Gray Areas: Cost to see the Boss proves a little too steep for fans

Entertainment Editor Andy Gray

It’s 10:15 a.m. Wednesday as I write this, and unless there is a change in the setlist, I expect to hear Rage Against the Machine play Bruce Springsteen’s “The Ghost of Tom Joad” later Wednesday at Rocket Mortgage FieldHouse.

That may be the only Springsteen song I’ll be hearing at the Cleveland arena for the foreseeable future.

Tickets went on sale at 10 a.m. for Bruce Springsteen & the E Street Band’s April 5, 2023, concert at the venue. It’s Springsteen’s first tour with the band in seven years and, with Clarence Clemons and Danny Federici already gone and nearly everyone else in their 70s, there’s a feeling this could be the “last chance” to see the E Street Band in action.

And I’ve seen plenty of action with E Street Band — three shows on the ’80-’81 River tour, two on the “Born In the USA” tour, including the 1985 Cleveland Municipal Stadium concert, which I’m pretty sure was the first concert review I wrote for the Tribune Chronicle; a couple of “Tunnel of Love” tour dates; the 1999 reunion tour; “The Rising” tour, etc.

I got engaged on a trip planned around seeing Springsteen in Philadelphia in 1988 on an Amnesty International tour with Sting, Peter Gabriel, Tracy Chapman and Joan Baez.
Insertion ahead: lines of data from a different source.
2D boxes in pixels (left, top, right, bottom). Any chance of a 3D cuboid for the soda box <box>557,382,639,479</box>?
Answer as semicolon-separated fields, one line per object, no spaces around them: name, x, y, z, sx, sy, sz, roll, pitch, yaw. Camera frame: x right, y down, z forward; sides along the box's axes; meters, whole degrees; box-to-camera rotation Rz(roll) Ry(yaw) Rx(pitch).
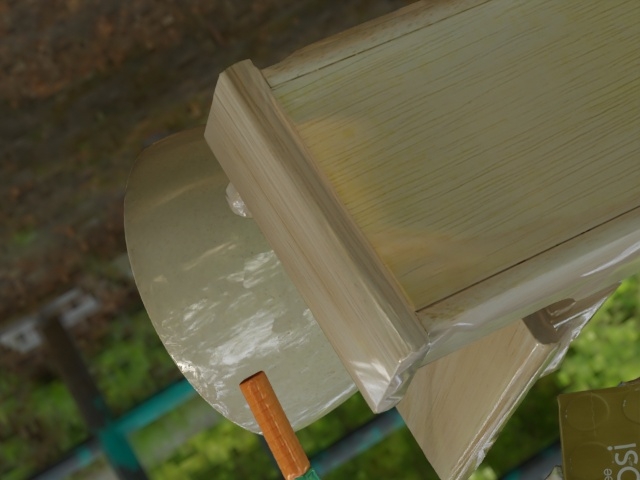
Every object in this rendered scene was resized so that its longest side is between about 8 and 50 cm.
soda box;0.157;0.161;0.942;0.061;0.181;0.058;-8;139;11

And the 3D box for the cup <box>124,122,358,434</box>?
cup;0.000;0.000;1.874;0.237;0.331;0.331;-26;166;28

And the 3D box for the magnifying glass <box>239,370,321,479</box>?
magnifying glass;-0.006;0.217;1.577;0.026;0.231;0.092;-27;-177;18

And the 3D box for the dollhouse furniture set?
dollhouse furniture set;0.067;0.033;1.080;0.256;0.362;0.394;-23;159;-22
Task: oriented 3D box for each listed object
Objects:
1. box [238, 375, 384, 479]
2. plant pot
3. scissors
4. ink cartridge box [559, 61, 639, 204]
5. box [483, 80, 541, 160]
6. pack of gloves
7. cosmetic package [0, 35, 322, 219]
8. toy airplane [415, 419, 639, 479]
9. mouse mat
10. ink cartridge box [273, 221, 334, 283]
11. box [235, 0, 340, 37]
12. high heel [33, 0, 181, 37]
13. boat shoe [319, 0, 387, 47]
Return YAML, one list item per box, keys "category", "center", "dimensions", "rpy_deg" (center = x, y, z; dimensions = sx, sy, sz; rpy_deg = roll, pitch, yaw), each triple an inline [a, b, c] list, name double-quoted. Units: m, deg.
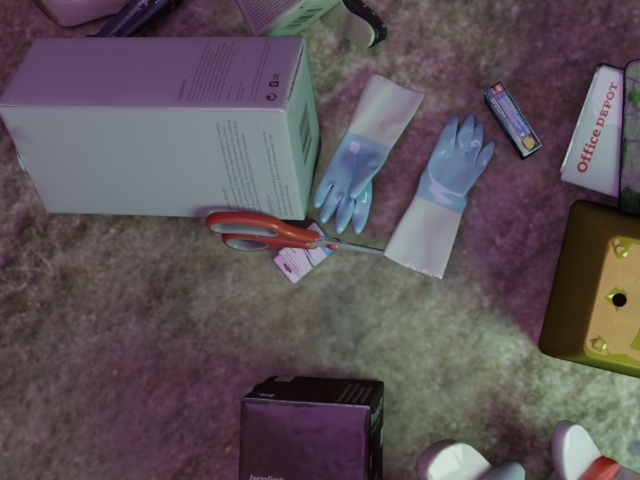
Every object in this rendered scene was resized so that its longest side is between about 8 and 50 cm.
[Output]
- category: "box"
  center: [-0.008, 0.294, 1.251]
  dimensions: [0.167, 0.168, 0.203]
  rpy_deg: [2, 93, 10]
- category: "plant pot"
  center: [0.396, 0.074, 1.160]
  dimensions: [0.212, 0.187, 0.212]
  rpy_deg: [13, 95, 10]
- category: "scissors"
  center: [0.000, 0.000, 1.244]
  dimensions: [0.297, 0.109, 0.021]
  rpy_deg: [6, 67, 8]
- category: "ink cartridge box"
  center: [0.419, -0.121, 1.187]
  dimensions: [0.208, 0.087, 0.153]
  rpy_deg: [20, 108, 8]
- category: "box"
  center: [0.242, -0.149, 1.205]
  dimensions: [0.027, 0.137, 0.094]
  rpy_deg: [-32, 87, 10]
- category: "pack of gloves"
  center: [0.110, -0.093, 1.240]
  dimensions: [0.195, 0.046, 0.232]
  rpy_deg: [22, 76, 7]
- category: "cosmetic package"
  center: [-0.197, -0.145, 1.236]
  dimensions: [0.365, 0.197, 0.155]
  rpy_deg: [4, 49, 10]
- category: "toy airplane"
  center: [0.260, 0.413, 1.140]
  dimensions: [0.386, 0.272, 0.384]
  rpy_deg: [5, 110, -17]
- category: "mouse mat"
  center: [0.436, -0.121, 1.133]
  dimensions: [0.153, 0.007, 0.189]
  rpy_deg: [1, 104, 13]
- category: "ink cartridge box"
  center: [-0.023, 0.018, 1.314]
  dimensions: [0.083, 0.028, 0.048]
  rpy_deg: [-40, 86, 9]
- category: "box"
  center: [-0.085, -0.413, 1.259]
  dimensions: [0.113, 0.094, 0.275]
  rpy_deg: [-26, 87, 39]
- category: "high heel"
  center: [-0.313, -0.382, 1.343]
  dimensions: [0.261, 0.093, 0.186]
  rpy_deg: [41, 76, 19]
- category: "boat shoe"
  center: [0.034, -0.309, 1.287]
  dimensions: [0.133, 0.042, 0.049]
  rpy_deg: [45, 133, 18]

I saw the E Street Band back multiple legends at the concert that opened the Rock & Roll Hall of Fame in 1995. I saw Springsteen solo in Youngstown singing “Youngstown” and later opening for a future president. I saw him with R.E.M., John Fogerty and Bright Eyes encouraging us to “Vote for Change,” and I saw him the night before Election Day with a candidate who didn’t become president.

To the long-term fans who scoff at any Springsteen fan whose concert list doesn’t reach triple figures, I’m a newbie at around 25 shows. But I’ve easily spent more money to see Springsteen than any other performer in my lifetime.

After waiting a half hour in the Seat Geek queue before I even had the option to buy tickets, I couldn’t bring myself to pull the trigger.

The Cleveland on-sale appeared to go much smoother than the shows that went on sale before it through Ticketmaster. Words like “fiasco,” “debacle” and “rip off” were tossed around as Ticketmaster’s dynamic pricing formula had tickets selling for as much as $5,000 minutes after the on-sale time. The outrage was so vocal, it became national news. And even places like Backstreets magazine, which depends on having a cozy relationship with Springsteen’s management for access and information, called out the artist for the PR nightmare.

Longtime fans rightly felt gouged by the system. Days of silence from Springsteen’s camp didn’t help, and a statement from manager Jon Landau on Tuesday only made things worse.

By the time I was allowed in to buy tickets, anything close to the stage was more than $1,000, but at lunchtime there still were tickets at more-or-less original prices — $99 plus fees behind the stage, $129 and up in the nosebleeds, $299 in the lower level but across from the stage. That’s about double what fans paid for the last tour, but probably less than those tickets were for The Eagles in March and other acts of similar stature.

I sympathize with the argument that artists make — if the market value of the ticket is $1,000 or more, they should get that money, not ticket brokers. But for a performer who has cultivated a reputation as a champion of the working man and who in the past kept his tickets below market value, the last week looks like a blatant cash grab. And there are more effective ways to undercut brokers, like selling nontransferable tickets requiring concertgoers to show ID and the original credit card for purchase to enter the venue and / or only allowing tickets to be resold at face value or less.

“Dynamic pricing” models have as much to do with exploiting ticket buyers’ fear of missing out as they do with justly rewarding artists for their labor. The day before Springsteen tickets went on sale, I got a news release from Live Nation listing dozens of shows in Cleveland and Pittsburgh that now have ticket packages available at four for $80, including fees. In some cases, that’s far more than half off the original asking price. Sometimes it pays to wait.

I don’t expect a four-for-$80 offer for Springsteen tickets between now and April 5, 2023. But I also don’t know if the current prices will hold, especially if Springsteen announces a second leg of U.S. dates that includes ballparks and stadiums next summer.

As Springsteen sang on his album “The River,” “Oh, the price you pay, oh, the price you pay / Now you can’t walk away from the price you pay.”

However, you can decide not to pay it. At least for now, I’m going to stay “Out in the Street” instead of in the arena.